I don't favor deduplication for this protocol. With any variant of
3SEQ we expect a lot of duplicate reads by chance, because we're
only sampling sequences from narrow windows upstream of the ends of
expressed genes, so in any given library with moderate sequencing
depth it's likely there are more reads in your data than possible
reads from the sample, and that's before thinking about factors that
may lower the library complexity like small amounts of degraded
material.

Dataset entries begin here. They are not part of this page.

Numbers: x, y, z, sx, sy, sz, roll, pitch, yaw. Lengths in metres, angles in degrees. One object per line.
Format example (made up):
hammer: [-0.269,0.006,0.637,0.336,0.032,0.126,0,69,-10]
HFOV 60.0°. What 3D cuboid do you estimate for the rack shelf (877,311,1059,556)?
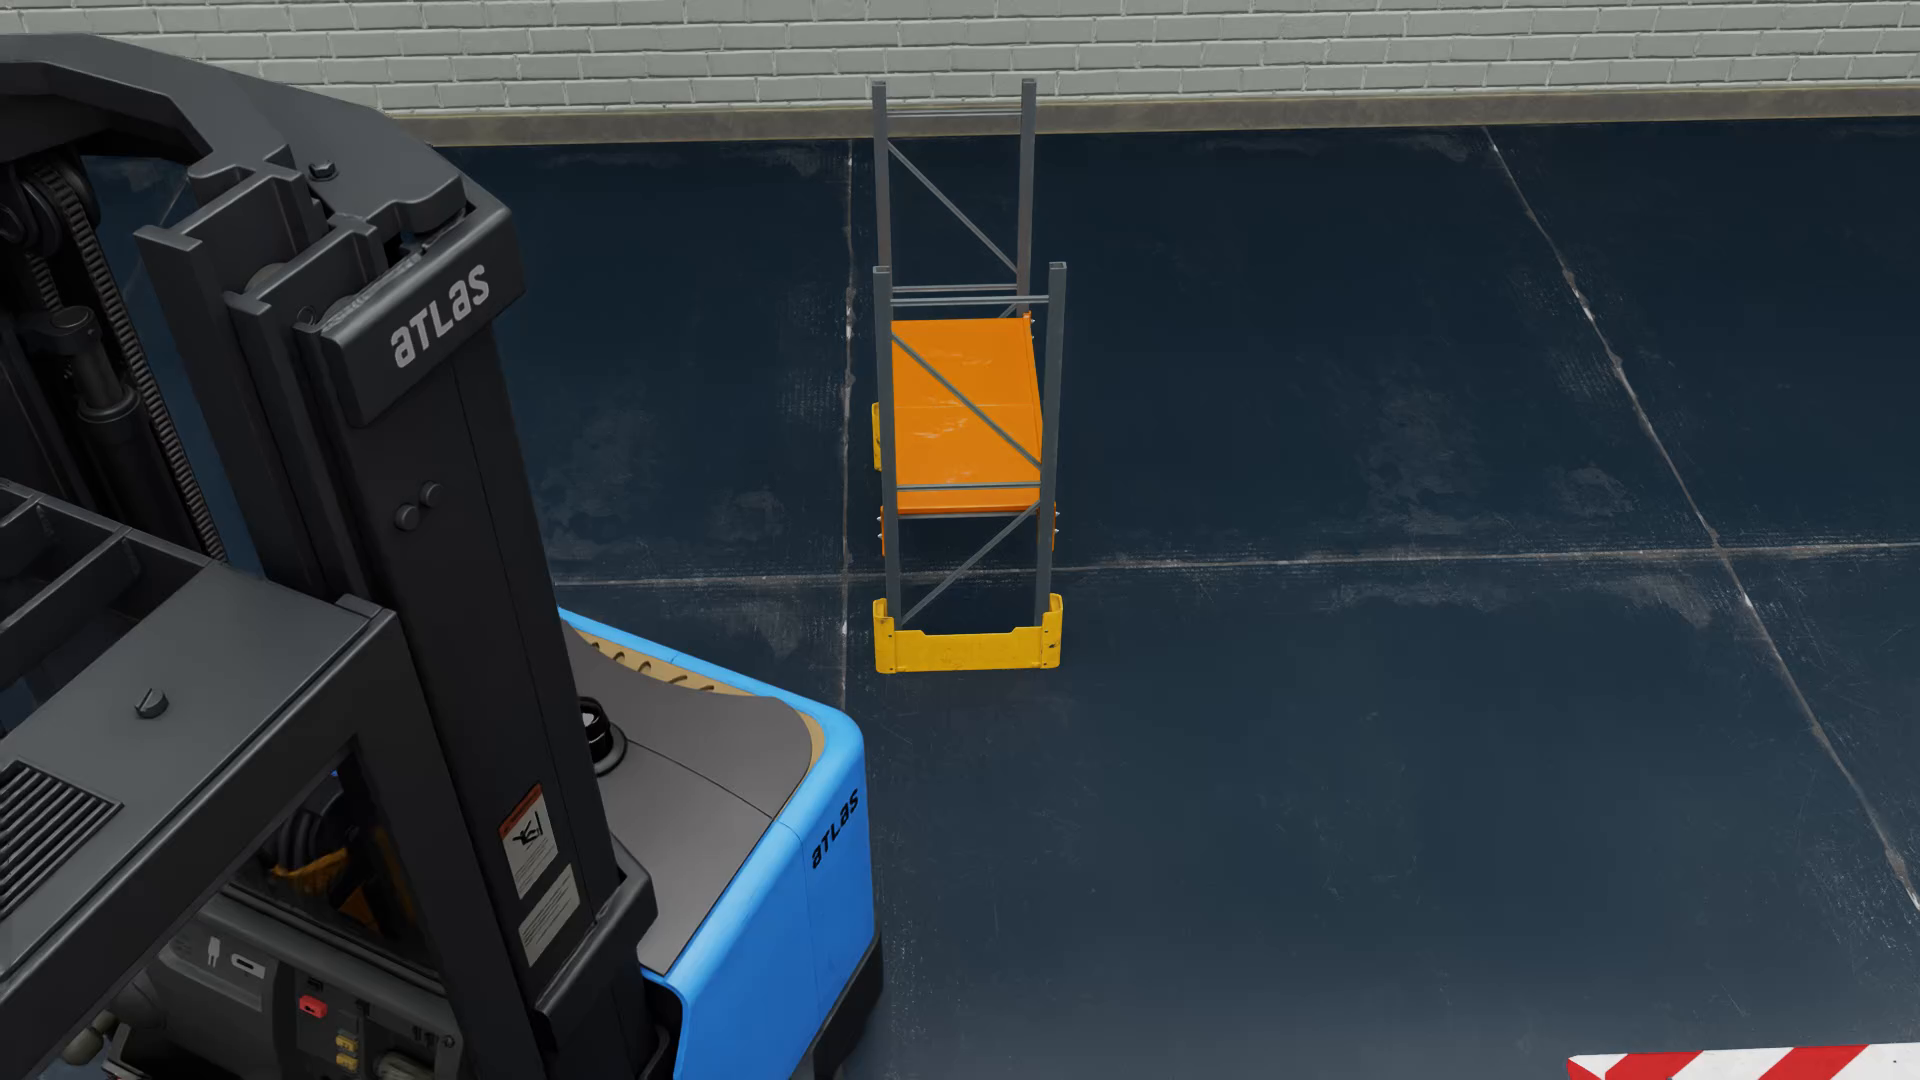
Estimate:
rack shelf: [0.004,-0.363,5.302,0.538,0.185,1.000,-2,43,-2]

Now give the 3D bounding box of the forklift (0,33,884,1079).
forklift: [-1.289,0.872,2.630,1.130,2.935,3.031,18,45,18]

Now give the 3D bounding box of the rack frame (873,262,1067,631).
rack frame: [0.025,-0.152,4.806,0.500,1.500,0.032,-2,43,-2]

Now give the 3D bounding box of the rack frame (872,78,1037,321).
rack frame: [-0.018,-0.838,5.555,0.500,1.500,0.032,-2,43,-2]

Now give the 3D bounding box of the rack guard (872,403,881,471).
rack guard: [-0.018,-0.377,5.976,0.587,0.250,0.087,-2,43,-2]

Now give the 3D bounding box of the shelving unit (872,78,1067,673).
shelving unit: [0.003,-0.501,5.187,0.587,1.500,1.083,-2,43,-2]

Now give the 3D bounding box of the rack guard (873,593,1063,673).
rack guard: [0.024,0.296,5.243,0.587,0.250,0.087,-2,43,-2]
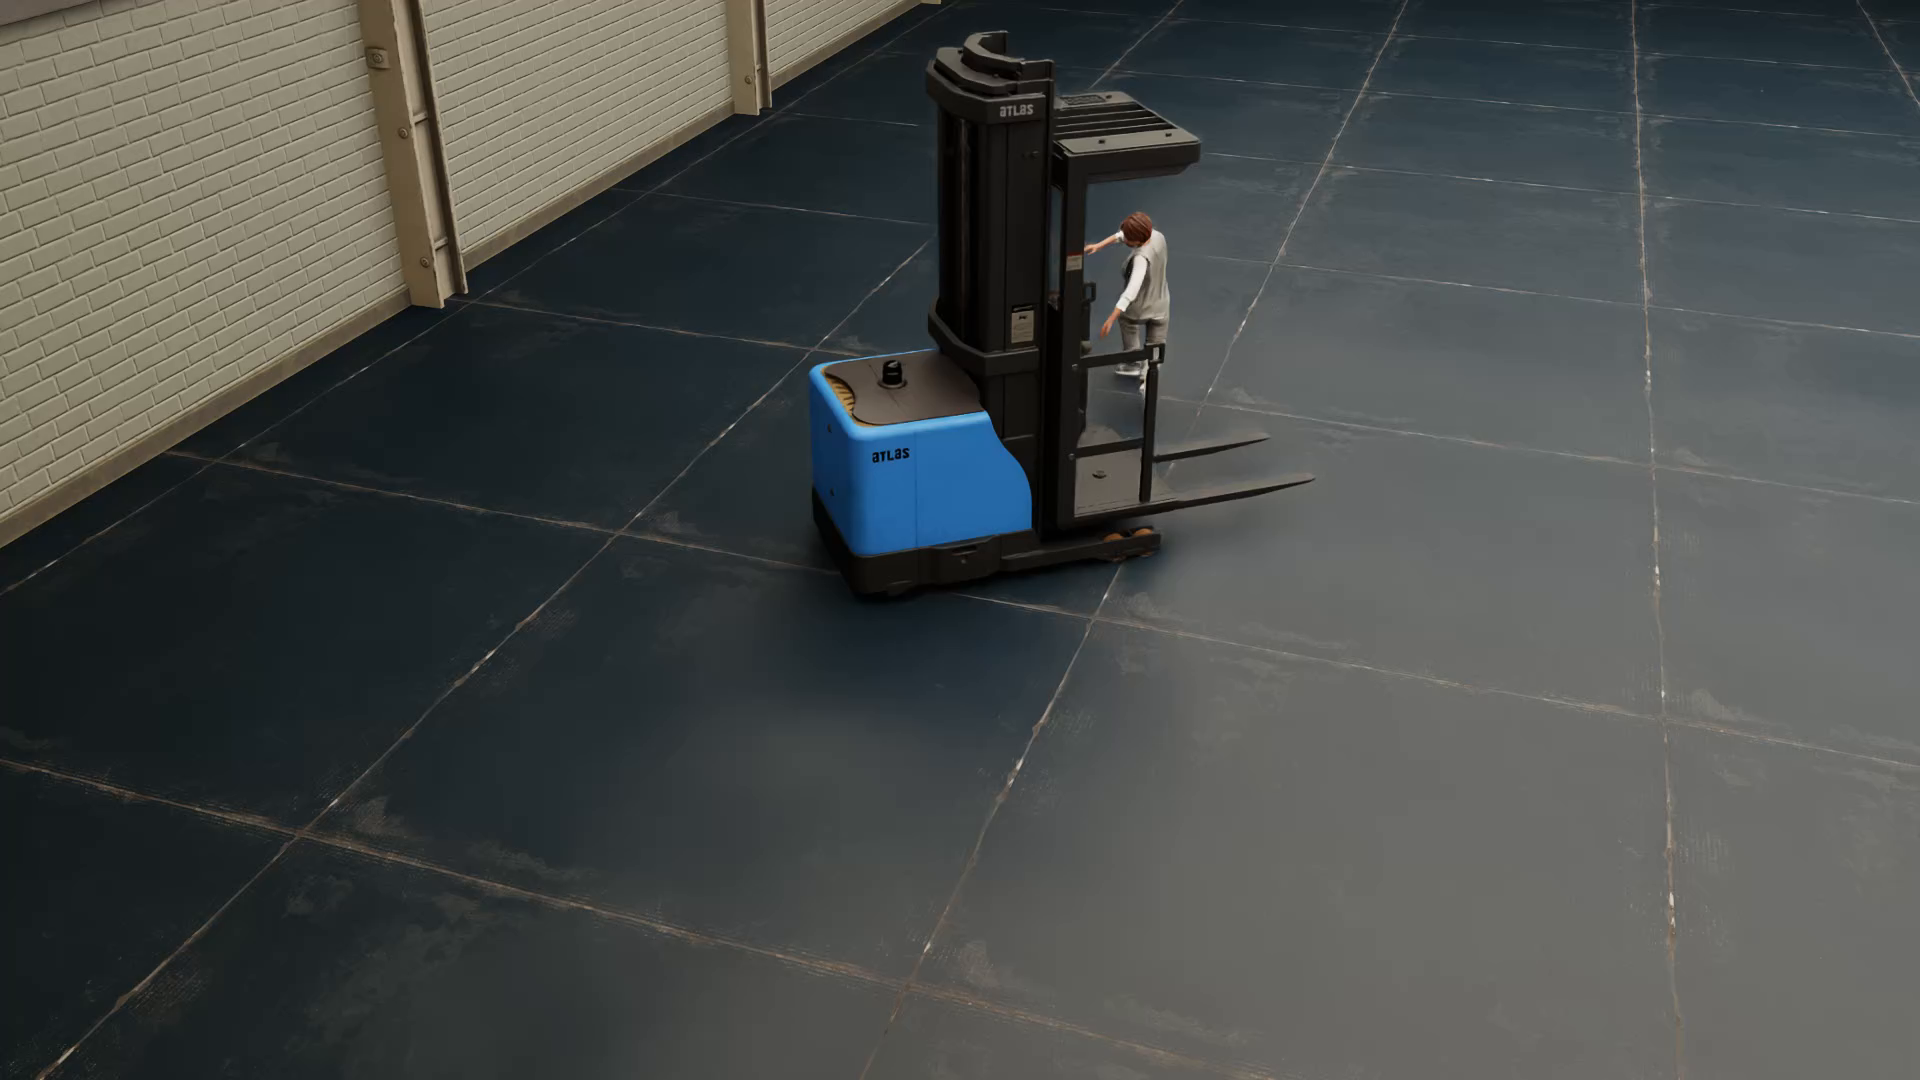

UMIs are supposed to help with this, but they don't
entirely solve the problem because it's also possible to get
duplicate UMIs by chance: our design has UMIs of length 5, or 1024
possible sequences (though there is detectable bias in the sequence
representation), so if you happen to get thousands of reads from a
highly expressed transcript it's guaranteed that you'll get many
duplicate UMIs from non-duplicate library molecules. Longer UMIs
might reduce the probability of this happening, but not to zero.
Thus even a UMI-based deduplication may introduce new noise
(generally in the form of a bias against high-expressed
transcripts); on the other hand, I'm not convinced that the amount
of PCR amplification noise it subtracts is very large in the first
place. So it may do more harm than good.
We can see that ambiguity empirically with the ERCC-only libraries
in the manuscript. Attached are several draft versions of the
standard curve figure with multiple dilutions, PCR conditions, ERCC
mixes, and replicates (the final version is figure S6). "raw.pdf" is
the original read counts, where you can see the linear fits are
pretty good already. "naive" is the counts after deduplication with
the simplistic algorithm used in most software, assuming that no
UMIs are ever duplicated by chance; you can see how it bends the top
right part of the curve away from the expected line.
"weighted_average.pdf" shows the results of a smarter deduplication
method from Fumiaki Katagiri (doi:
10.15252/embj.201796529),
which uses the relative counts of the different UMIs to set a
tolerance for expected duplicates; "weighted_average2.pdf" is my
extension of that algorithm to handle indefinitely high read
counts (described more in the "Detection of duplicate reads"
section in the manuscript). My interpretation is that the
"weighted_average2" algorithm almost compensates for the new bias
added by deduplication, but the correlations are only a tiny bit
better and a lot of the distributions are shifted off the expected
line, so I'm not convinced that it's actually improving any
results.
All of these algorithms are implemented in a standalone program,
"umi-dedup" (https://github.com/jwfoley/umi-dedup), which is
called by the 3SEQtools shell scripts, and was originally
developed in a collaboration with Maxime Turgeon to develop a more
rigorous deduplication algorithm (which turned out to be a lot
less practical to use, and nobody involved had sufficient time and
motivation to finish the project). Unfortunately we never got
around to optimizing the program so it's still quite slow. Thus my
recommendation is to use the "-d" option in
"3SEQtools/align_smart-3seq.sh" or equivalent to skip duplicate
marking altogether, in the interest of time, or you can leave it
on for the sake of an additional QC metric (e.g. figures S5B,
S11A, S24B, S27A in the MS), but either way I wouldn't throw out
the duplicate reads for downstream purposes.